我的腦子還沒有完全反應過來,隻能呆滯的搖了搖頭。
「沒、沒意見。」
她點了點頭,接著道:
「你住在哪裡?」
我將地址報給了她。
「老小區了,環境一般,今天太晚了,明天放學之後我來接你,換個地方住,做我容玉的人,生活水平不能太差。」
我又點了點頭。
她接著道:「你媽的事情我會負責,放心吧。」
「這醫院是我投資的,明天就給換個單人病房。」
她丟下這句話後便轉身離開了,全程沒說一句多餘的廢話。
徒留我愣在原地,很久之後才終於回過神來。
我像是踩在雲朵上進入了的病房。
麻醉藥劑還沒有過去,母親躺在病床上睡得安穩。
我趴在床邊,握住了她的手,壓低了聲音道:
「媽,我是不是在做夢…」
「原來被別人B養的感覺,是這樣的嗎…」
小說裡常形容有錢人出場多麼華麗,我一直都不相信。
直到第二天放學的時候,我在校門口見到了一輛加長林肯。
容玉搖下車窗,摘下了自己臉上的墨鏡。
「愣著幹什麼,上車。」
身後,此起彼伏的驚嘆聲振聾發聩。
我捏著自己兩根磨損的全是毛邊的書包帶子,微微張開了嘴巴。
「啊,來、來了…」
「蘇敏,這是你什麼人啊?你家遠房親戚?這麼有錢!」
「什麼遠房親戚,這是容玉,容玉你都不認識?」
「蘇敏,你和容玉什麼關系啊?」
往日裡對我總是不屑一顧的同學們紛紛圍繞在我的身邊。
他們的臉上帶著友善的笑容,對我的稱呼不再是「勞改犯的女兒」「小賤人」「垃圾桶」,而是真正的名字。
這是我第一次感覺到被人尊重的滋味。
原來是這樣的。
心裡像是吃了塊巧克力一樣甜。
我不由自主地挺直了脊背,朝著容玉走過去。
可偏偏這樣大好的日子,總有人來找我的不開心。
「敏敏!你別過去!」
「容玉,我和你說過了,我絕對不會答應你的!你別想找敏敏的麻煩!」
「敏敏,你別害怕,我會保護你的。
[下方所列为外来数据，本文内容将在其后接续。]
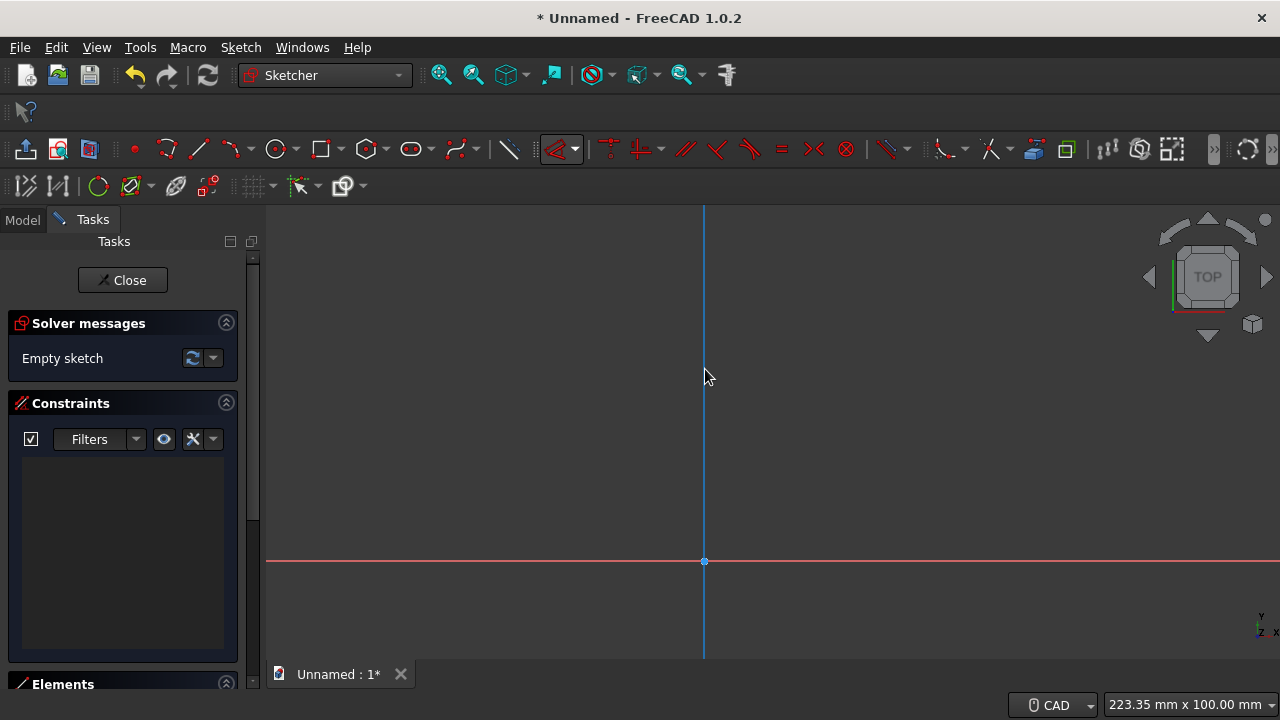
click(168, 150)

」
林思危不知何時從人群中竄了出來,擋在了我的面前。
他那一副大義凌然的樣子,讓人看了便覺得牙痒痒。
不知好歹的蠢貨。
眼看著容玉的臉上已經浮現了不耐煩的神情,我立刻一把將林思危推到了一邊。
他震驚的看著我,但我卻皺眉道:
「容小姐是來找我的,和你無關。」
「林思危,這是我自己的事情,不需要你操心。」
我無視了林思危受傷的眼神,直接上了容玉的車。
加長林肯緩緩發動,車外傳來了林思危的怒吼聲。
「敏敏!我一定會把你救出來的!」
「你不用為了我犧牲你自己,我明白你的心意!!」
……神經病。
有沒有人把他帶走啊?!
5
容玉一路上都沒說話。
直到車子停在了一家高級小區門口。
我忐忑不安的跟在了容玉身後,與她一起進了電梯。
我這輩子都沒有來過這樣好看的地方。
茂密的綠化,明亮的燈光,甚至電梯的空氣裡還彌漫著淡淡的玫瑰香味。
哦,也有可能是容玉身上的味道。
她就站在我的前面,低著頭回復著消息,露出來的那一截脖頸如同高傲的天鵝。
要是,我也能成為和她一樣的人,就好了。
「愣著幹什麼,進來吧。」
容玉的聲音喚回了我遊走的思緒。
我這才意識到她已經走出了電梯,連忙跟上。
明亮的房間如同對我展開的珠寶首飾盒,隻有在電視裡看見過的落地窗,能夠看見整座城市的夜景。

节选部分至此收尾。